Work item
Reproduce each entry exactly as it reads. Leave the images out.

The data

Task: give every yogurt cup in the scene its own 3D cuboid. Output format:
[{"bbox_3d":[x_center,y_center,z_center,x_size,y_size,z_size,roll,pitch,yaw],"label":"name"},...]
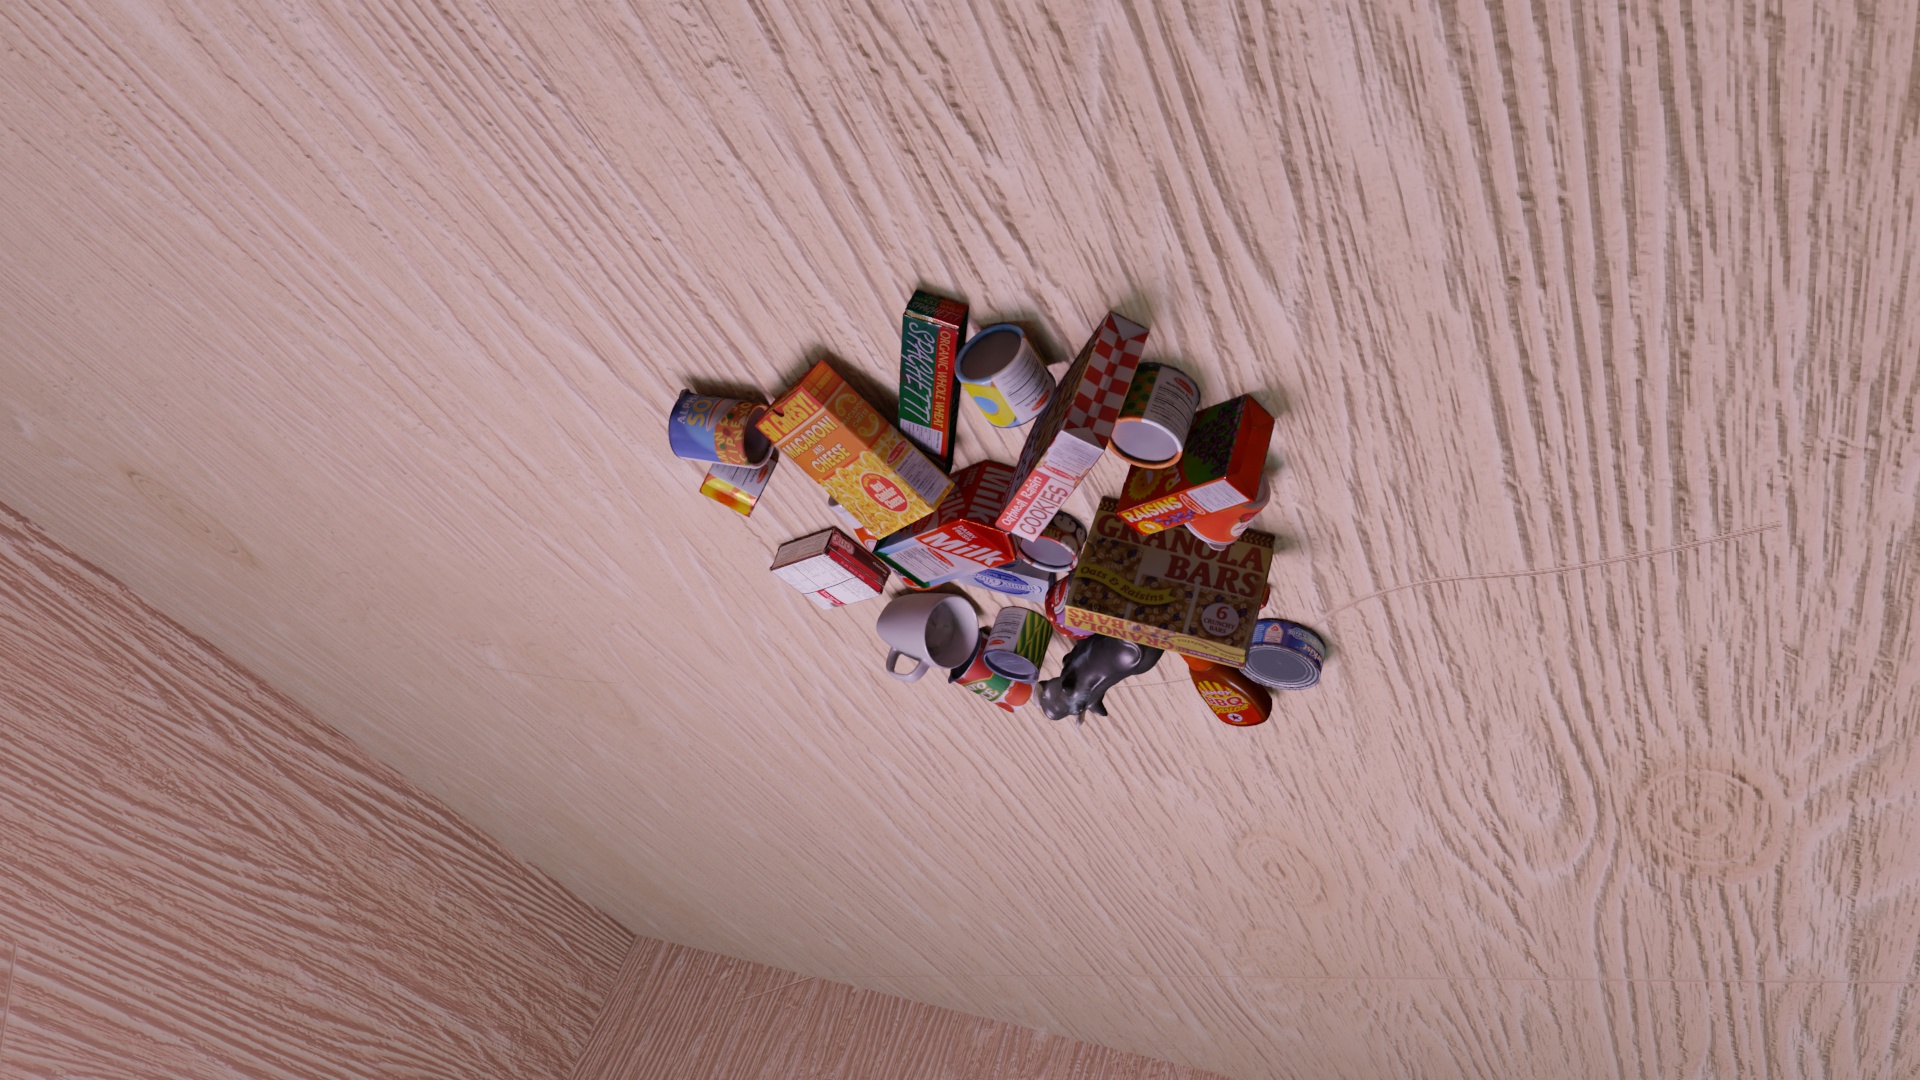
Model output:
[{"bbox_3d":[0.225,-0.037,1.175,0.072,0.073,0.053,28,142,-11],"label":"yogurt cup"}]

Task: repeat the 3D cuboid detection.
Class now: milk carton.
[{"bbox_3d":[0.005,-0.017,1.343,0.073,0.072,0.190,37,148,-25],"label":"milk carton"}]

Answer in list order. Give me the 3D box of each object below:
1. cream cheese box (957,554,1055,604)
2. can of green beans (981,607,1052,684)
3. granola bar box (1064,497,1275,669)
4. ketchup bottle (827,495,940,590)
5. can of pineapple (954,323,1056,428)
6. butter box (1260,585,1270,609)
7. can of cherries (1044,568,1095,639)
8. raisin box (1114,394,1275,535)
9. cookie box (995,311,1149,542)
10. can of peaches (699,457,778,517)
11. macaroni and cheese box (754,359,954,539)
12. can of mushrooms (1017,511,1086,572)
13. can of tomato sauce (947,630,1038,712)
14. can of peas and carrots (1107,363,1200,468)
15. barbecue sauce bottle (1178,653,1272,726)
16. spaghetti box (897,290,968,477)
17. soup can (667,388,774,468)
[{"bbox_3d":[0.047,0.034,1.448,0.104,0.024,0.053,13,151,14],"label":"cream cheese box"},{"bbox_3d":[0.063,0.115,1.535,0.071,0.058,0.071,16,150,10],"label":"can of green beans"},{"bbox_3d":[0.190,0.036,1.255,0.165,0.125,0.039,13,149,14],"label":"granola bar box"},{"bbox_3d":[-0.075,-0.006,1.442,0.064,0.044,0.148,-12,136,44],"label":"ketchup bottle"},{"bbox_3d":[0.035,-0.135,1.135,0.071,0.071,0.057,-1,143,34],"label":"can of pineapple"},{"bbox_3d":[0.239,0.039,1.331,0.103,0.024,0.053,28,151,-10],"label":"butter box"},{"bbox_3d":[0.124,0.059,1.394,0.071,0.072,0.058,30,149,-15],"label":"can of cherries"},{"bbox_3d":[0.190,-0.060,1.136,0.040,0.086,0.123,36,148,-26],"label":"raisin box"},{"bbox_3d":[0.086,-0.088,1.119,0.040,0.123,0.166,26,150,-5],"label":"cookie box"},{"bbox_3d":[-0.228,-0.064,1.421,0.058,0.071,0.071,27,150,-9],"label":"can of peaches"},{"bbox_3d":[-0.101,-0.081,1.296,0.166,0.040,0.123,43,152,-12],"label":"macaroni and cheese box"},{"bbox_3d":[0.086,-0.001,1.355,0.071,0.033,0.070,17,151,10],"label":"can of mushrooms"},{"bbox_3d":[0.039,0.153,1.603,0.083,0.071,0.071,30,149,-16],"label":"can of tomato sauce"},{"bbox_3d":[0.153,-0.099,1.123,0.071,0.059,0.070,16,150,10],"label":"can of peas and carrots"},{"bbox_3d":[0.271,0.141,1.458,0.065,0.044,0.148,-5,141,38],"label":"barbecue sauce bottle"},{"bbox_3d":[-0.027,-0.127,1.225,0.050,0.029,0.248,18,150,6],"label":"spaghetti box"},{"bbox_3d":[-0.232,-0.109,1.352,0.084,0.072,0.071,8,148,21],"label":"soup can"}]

Expected output
Task: give every yogurt cup in the scene its own 3D cuboid. Output format:
[{"bbox_3d":[x_center,y_center,z_center,x_size,y_size,z_size,roll,pitch,yaw],"label":"name"},...]
Model output:
[{"bbox_3d":[0.225,-0.037,1.175,0.072,0.073,0.053,28,142,-11],"label":"yogurt cup"}]

Task: repeat the 3D cuboid detection.
Class now: milk carton.
[{"bbox_3d":[0.005,-0.017,1.343,0.073,0.072,0.190,37,148,-25],"label":"milk carton"}]

Answer in list order. Give me the 3D box of each object below:
1. cream cheese box (957,554,1055,604)
2. can of green beans (981,607,1052,684)
3. granola bar box (1064,497,1275,669)
4. ketchup bottle (827,495,940,590)
5. can of pineapple (954,323,1056,428)
6. butter box (1260,585,1270,609)
7. can of cherries (1044,568,1095,639)
8. raisin box (1114,394,1275,535)
9. cookie box (995,311,1149,542)
10. can of peaches (699,457,778,517)
11. macaroni and cheese box (754,359,954,539)
12. can of mushrooms (1017,511,1086,572)
13. can of tomato sauce (947,630,1038,712)
14. can of peas and carrots (1107,363,1200,468)
15. barbecue sauce bottle (1178,653,1272,726)
16. spaghetti box (897,290,968,477)
17. soup can (667,388,774,468)
[{"bbox_3d":[0.047,0.034,1.448,0.104,0.024,0.053,13,151,14],"label":"cream cheese box"},{"bbox_3d":[0.063,0.115,1.535,0.071,0.058,0.071,16,150,10],"label":"can of green beans"},{"bbox_3d":[0.190,0.036,1.255,0.165,0.125,0.039,13,149,14],"label":"granola bar box"},{"bbox_3d":[-0.075,-0.006,1.442,0.064,0.044,0.148,-12,136,44],"label":"ketchup bottle"},{"bbox_3d":[0.035,-0.135,1.135,0.071,0.071,0.057,-1,143,34],"label":"can of pineapple"},{"bbox_3d":[0.239,0.039,1.331,0.103,0.024,0.053,28,151,-10],"label":"butter box"},{"bbox_3d":[0.124,0.059,1.394,0.071,0.072,0.058,30,149,-15],"label":"can of cherries"},{"bbox_3d":[0.190,-0.060,1.136,0.040,0.086,0.123,36,148,-26],"label":"raisin box"},{"bbox_3d":[0.086,-0.088,1.119,0.040,0.123,0.166,26,150,-5],"label":"cookie box"},{"bbox_3d":[-0.228,-0.064,1.421,0.058,0.071,0.071,27,150,-9],"label":"can of peaches"},{"bbox_3d":[-0.101,-0.081,1.296,0.166,0.040,0.123,43,152,-12],"label":"macaroni and cheese box"},{"bbox_3d":[0.086,-0.001,1.355,0.071,0.033,0.070,17,151,10],"label":"can of mushrooms"},{"bbox_3d":[0.039,0.153,1.603,0.083,0.071,0.071,30,149,-16],"label":"can of tomato sauce"},{"bbox_3d":[0.153,-0.099,1.123,0.071,0.059,0.070,16,150,10],"label":"can of peas and carrots"},{"bbox_3d":[0.271,0.141,1.458,0.065,0.044,0.148,-5,141,38],"label":"barbecue sauce bottle"},{"bbox_3d":[-0.027,-0.127,1.225,0.050,0.029,0.248,18,150,6],"label":"spaghetti box"},{"bbox_3d":[-0.232,-0.109,1.352,0.084,0.072,0.071,8,148,21],"label":"soup can"}]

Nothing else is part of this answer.